As I continue on my 12-week run of Cognitive Processing Therapy (CPT), I am starting to experience its healing results.
I wrote: Cognitive Processing Therapy: A Path To Healing From Trauma as an introduction to CPT.
Below is a brief overview of CPT by the American Psychiatric Association:
Cognitive Processing Therapy (CPT) is a structured form of cognitive-behavioral therapy designed to help individuals process and overcome the
effects of trauma, particularly in treating Post-Traumatic Stress Disorder (PTSD).
Overview of CPT
CPT is generally delivered over 12 sessions and helps patients learn how to challenge and modify unhelpful beliefs related to the trauma. In so doing, the patient creates a new understanding and conceptualization of the traumatic event so that it reduces its ongoing negative effects on current life.
Stuck Points
Simply stated, but not easy to uncover, Stuck Points are beliefs as a result of trying to make sense of a traumatic event.
Stuck Points are an attempt to reconcile what happened by trying to figure out what I did wrong, as a way to prevent bad things from happening in the future.
Examples are:
“I must be on guard at all times”
“I can’t trust my judgment”
“People in authority will always hurt you”
The more I say something to myself, the more I come to believe it is a fact and the less I notice contradictory evidence.
These are STUCK POINTS – they prevent recovery.
Recovery means changing my beliefs about myself, others and the world to include new information: learning to accept that bad things, tragedies can happen to good people.

Discovering Stuck Points
CPT focuses on one traumatic event.
My therapist and I reviewed my history.

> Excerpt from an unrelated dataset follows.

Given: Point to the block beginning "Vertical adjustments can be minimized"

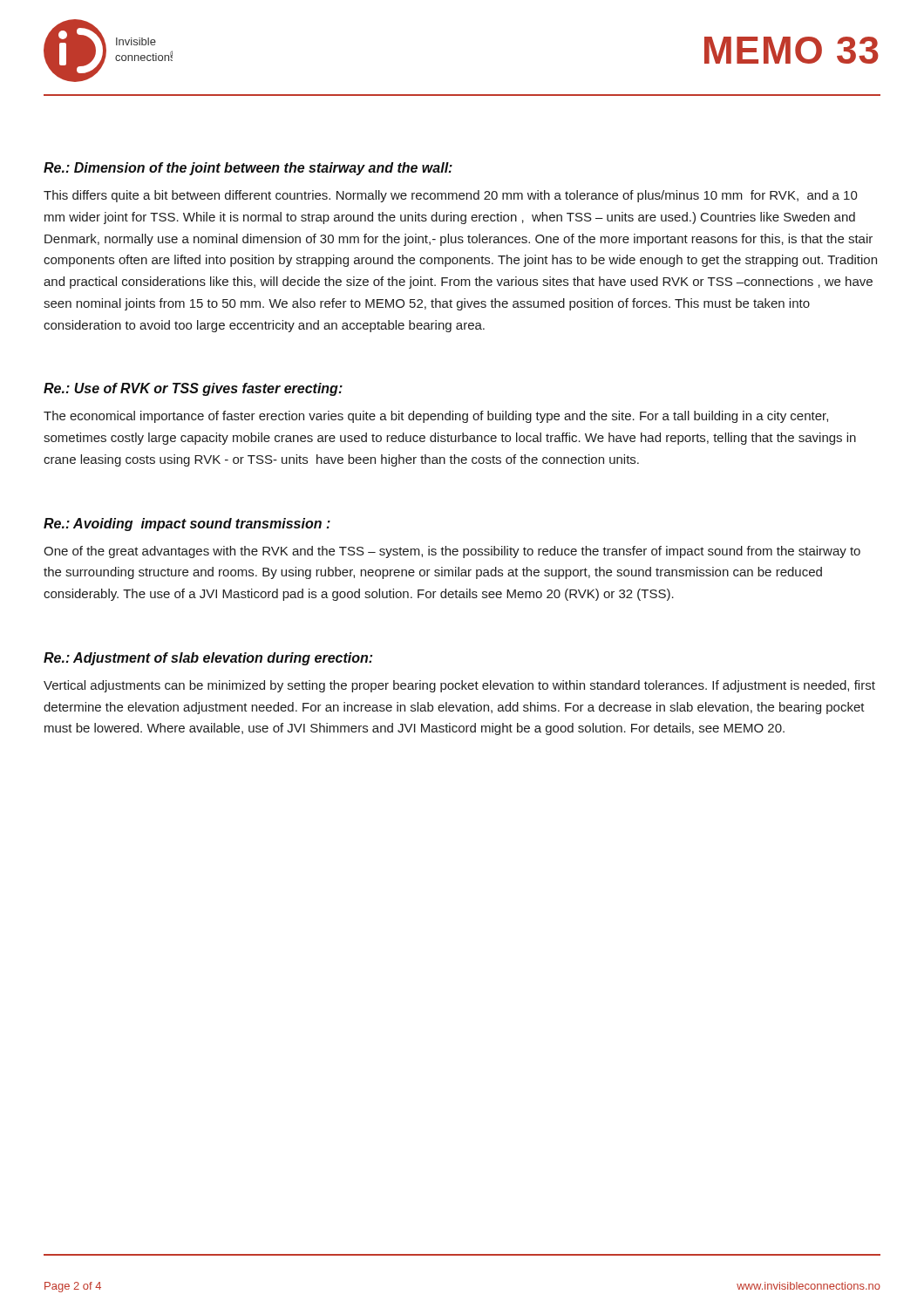Looking at the screenshot, I should click(459, 706).

From this history, I picked one tragic situation I struggle to reconcile.
I then made a list of my beliefs about myself, others and the world as a result of this traumatic event.
Stuck Points usually go like this:
“If I had done this, ….. Then that would not have happened.”

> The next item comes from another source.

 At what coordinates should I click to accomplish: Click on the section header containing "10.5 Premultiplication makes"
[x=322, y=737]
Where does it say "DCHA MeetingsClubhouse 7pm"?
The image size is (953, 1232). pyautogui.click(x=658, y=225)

The next step is to start challenging these beliefs.
I struggle to find words to explain how incredibly healing this is.

CPT picks up momentum as it moves along.
I am still working on challenging my stuck points with these questions:
- What is the evidence against this Stuck Point?

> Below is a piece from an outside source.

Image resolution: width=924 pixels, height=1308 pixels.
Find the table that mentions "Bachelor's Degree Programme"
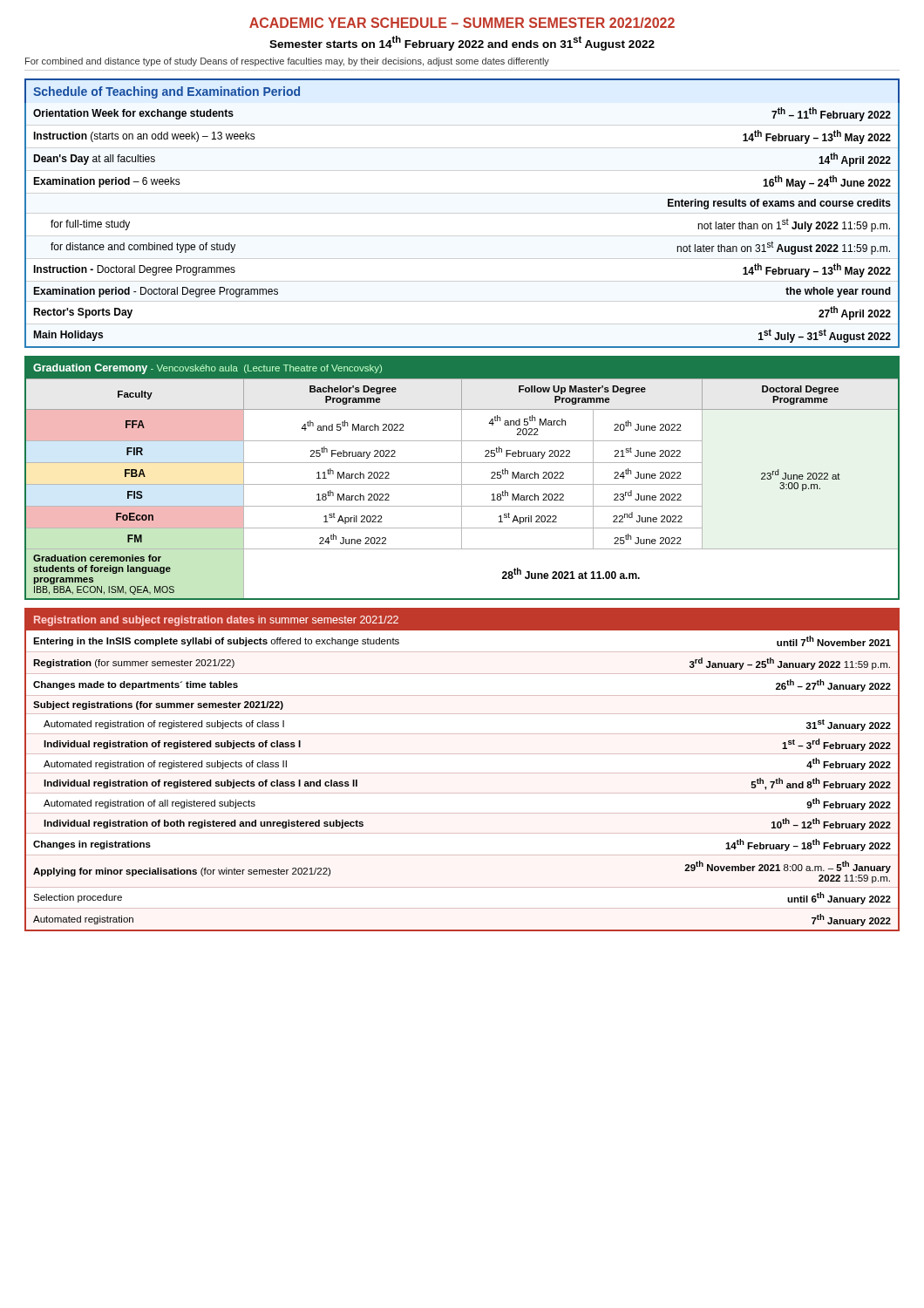462,478

- What information are you not including about your Stuck Point?
- Does your Stuck Point include all-or-none terms (such as “all, “never”) or extreme words or phrases such as need, should, must, can’t or every time?
- In what way is your Stuck Point over-focused on just one piece of the event?
- How is the source of information for this Stuck point questionable?
- How is your Stuck point confusing something that is possible with something that is definite?
- In what way is your Stuck Point based on feelings, rather than facts?
My therapist and I review the answer together.
This is hard work, but the payoff is profound inner peace.